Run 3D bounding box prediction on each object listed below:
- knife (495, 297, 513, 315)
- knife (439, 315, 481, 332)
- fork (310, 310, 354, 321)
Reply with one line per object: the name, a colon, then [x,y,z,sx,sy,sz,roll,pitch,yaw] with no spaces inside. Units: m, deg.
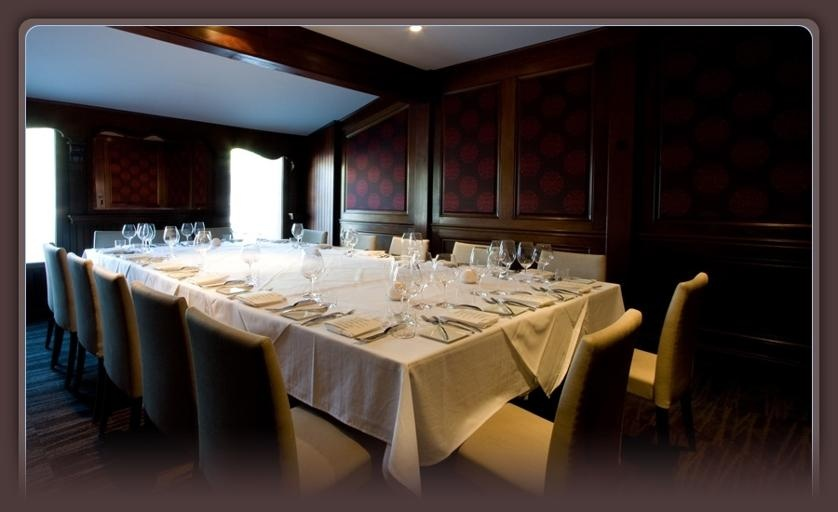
knife: [0.460,0.279,2.695,0.048,0.022,0.141,-9,10,-6]
knife: [0.200,0.343,2.455,0.026,0.021,0.176,-23,24,-33]
fork: [-0.460,0.309,2.526,0.026,0.021,0.151,-1,7,34]
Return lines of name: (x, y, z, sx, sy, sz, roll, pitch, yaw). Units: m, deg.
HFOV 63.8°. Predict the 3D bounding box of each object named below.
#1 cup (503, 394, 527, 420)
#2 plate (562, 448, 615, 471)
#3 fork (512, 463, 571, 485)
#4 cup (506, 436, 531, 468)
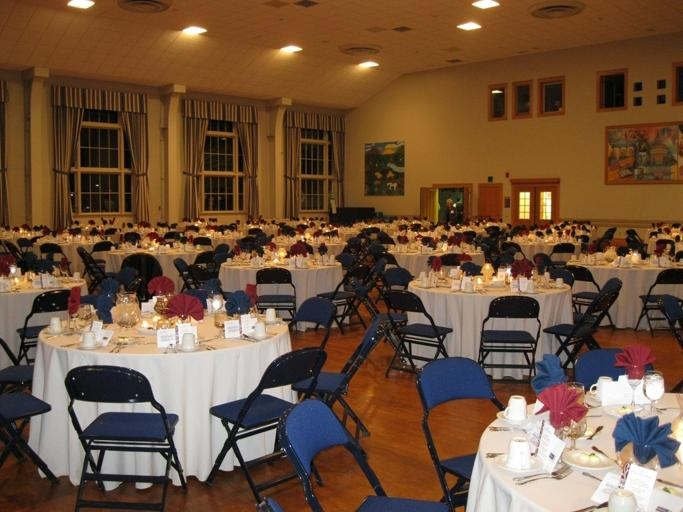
cup: (0.820, 0.707, 2.635, 0.129, 0.111, 0.082, -12, 16, -41)
plate: (1.002, 0.814, 2.231, 0.184, 0.045, 0.170, 0, 5, 26)
fork: (0.787, 0.848, 2.123, 0.286, 0.017, 0.074, -4, 5, -24)
cup: (0.704, 0.782, 2.207, 0.079, 0.095, 0.112, 1, 8, 9)
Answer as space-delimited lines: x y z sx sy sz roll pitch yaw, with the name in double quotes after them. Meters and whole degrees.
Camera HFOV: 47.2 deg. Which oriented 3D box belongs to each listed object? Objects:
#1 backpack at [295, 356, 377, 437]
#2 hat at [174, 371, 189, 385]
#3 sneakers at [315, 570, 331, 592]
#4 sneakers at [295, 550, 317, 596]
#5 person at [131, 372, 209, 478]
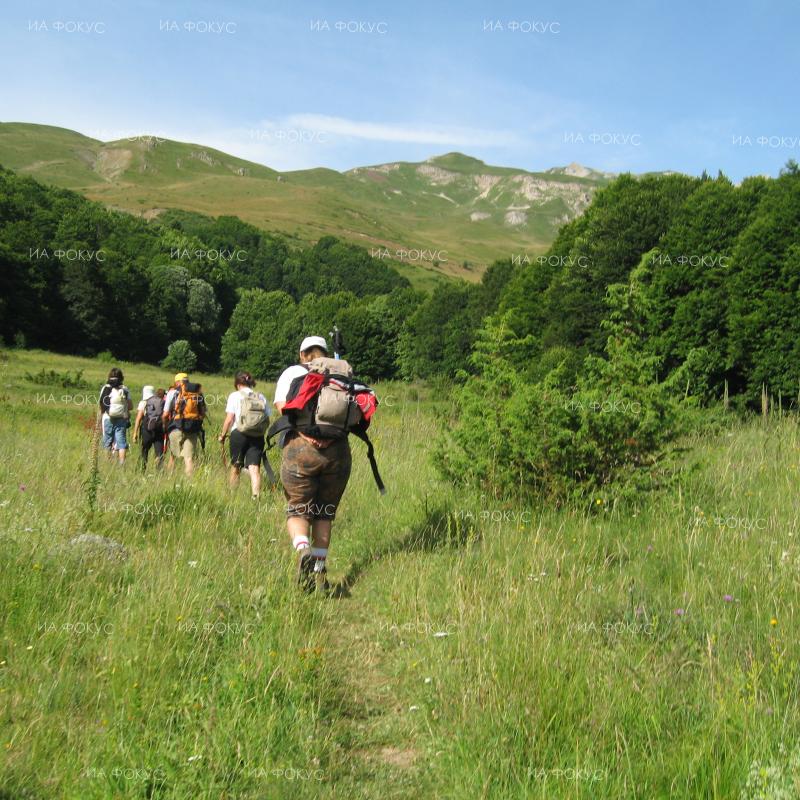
-0.559 0.025 7.132 0.436 0.678 0.578 15 -9 -17 "backpack"
-2.846 -0.280 11.826 0.149 0.188 0.144 3 -4 -12 "hat"
-0.593 1.391 6.958 0.103 0.263 0.056 -2 -6 -6 "sneakers"
-0.707 1.246 6.681 0.088 0.357 0.141 0 -8 -4 "sneakers"
-3.007 0.312 11.997 0.675 1.338 1.849 -6 10 -30 "person"
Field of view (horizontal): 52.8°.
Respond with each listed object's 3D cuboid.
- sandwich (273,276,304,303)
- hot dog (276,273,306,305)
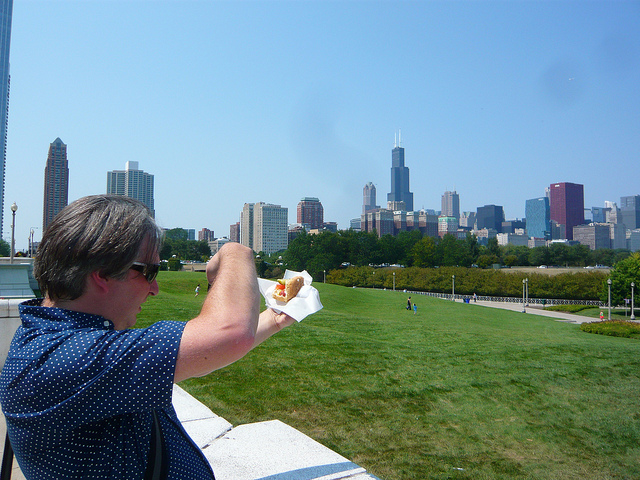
[{"bbox_3d":[-0.264,0.404,5.387,0.198,0.209,0.064,6,-29,34],"label":"sandwich"},{"bbox_3d":[-0.253,0.408,5.396,0.214,0.229,0.067,1,-29,34],"label":"hot dog"}]
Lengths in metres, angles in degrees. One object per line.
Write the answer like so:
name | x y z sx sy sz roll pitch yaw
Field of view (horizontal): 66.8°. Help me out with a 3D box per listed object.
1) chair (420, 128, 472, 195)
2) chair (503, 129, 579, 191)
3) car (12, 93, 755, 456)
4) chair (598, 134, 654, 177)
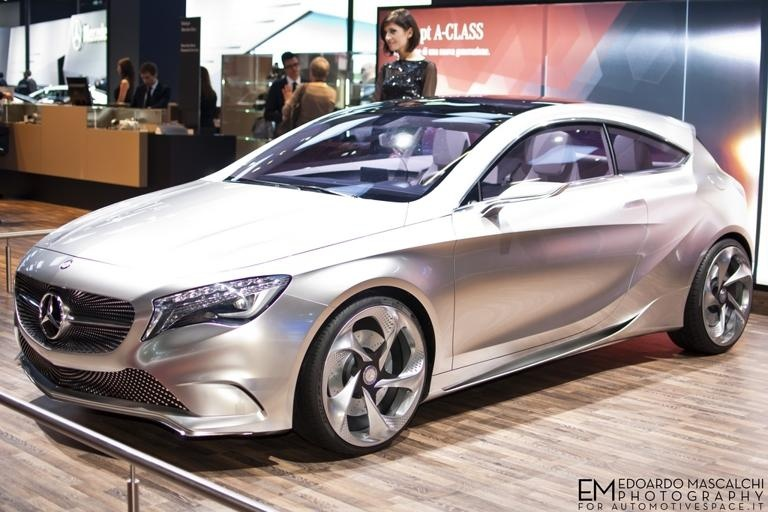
chair | 0.381 -0.456 3.387 0.169 0.244 0.227 -14 5 -11
chair | 1.030 -0.622 3.754 0.380 0.479 0.540 18 22 33
car | 0.327 0.072 3.417 3.878 1.240 1.971 -8 14 -36
chair | 1.573 -0.661 3.780 0.291 0.299 0.294 6 12 35
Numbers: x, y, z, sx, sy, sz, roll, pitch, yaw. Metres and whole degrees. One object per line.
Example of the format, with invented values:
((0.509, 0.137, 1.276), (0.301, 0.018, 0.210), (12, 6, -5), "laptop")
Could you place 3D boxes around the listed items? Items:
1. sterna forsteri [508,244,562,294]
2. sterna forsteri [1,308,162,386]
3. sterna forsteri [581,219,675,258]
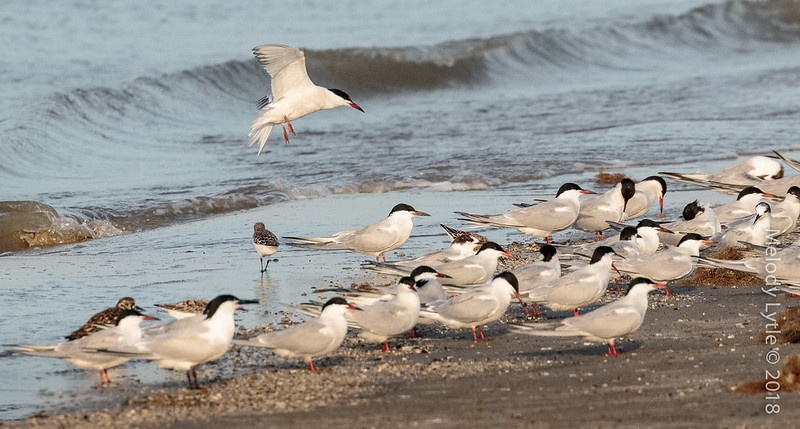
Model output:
((3.967, 1.606, 31.802), (1.006, 1.527, 2.415), (0, 1, -36), "sterna forsteri")
((-9.452, 3.603, 30.407), (5.712, 2.211, 1.426), (0, 3, -7), "sterna forsteri")
((6.693, 0.775, 33.027), (3.480, 1.158, 0.921), (5, -13, -13), "sterna forsteri")
● ● ● ● ● ● ●
ASSIGNMENT
Starting at the line above that holds "Field of view (horizontal): 52.8°.", repeat every line exactly down to and including the line that holds "3) car (12, 93, 755, 456)", then stop. Do not carry over any pictures.

EXERCISE OUTPUT
Field of view (horizontal): 52.8°.
Respond with each listed object's 3D cuboid.
- sandwich (273,276,304,303)
- hot dog (276,273,306,305)
[{"bbox_3d":[-0.264,0.404,5.387,0.198,0.209,0.064,6,-29,34],"label":"sandwich"},{"bbox_3d":[-0.253,0.408,5.396,0.214,0.229,0.067,1,-29,34],"label":"hot dog"}]
Lengths in metres, angles in degrees. One object per line.
Write the answer like so:
name | x y z sx sy sz roll pitch yaw
Field of view (horizontal): 66.8°. Help me out with a 3D box per listed object.
1) chair (420, 128, 472, 195)
2) chair (503, 129, 579, 191)
3) car (12, 93, 755, 456)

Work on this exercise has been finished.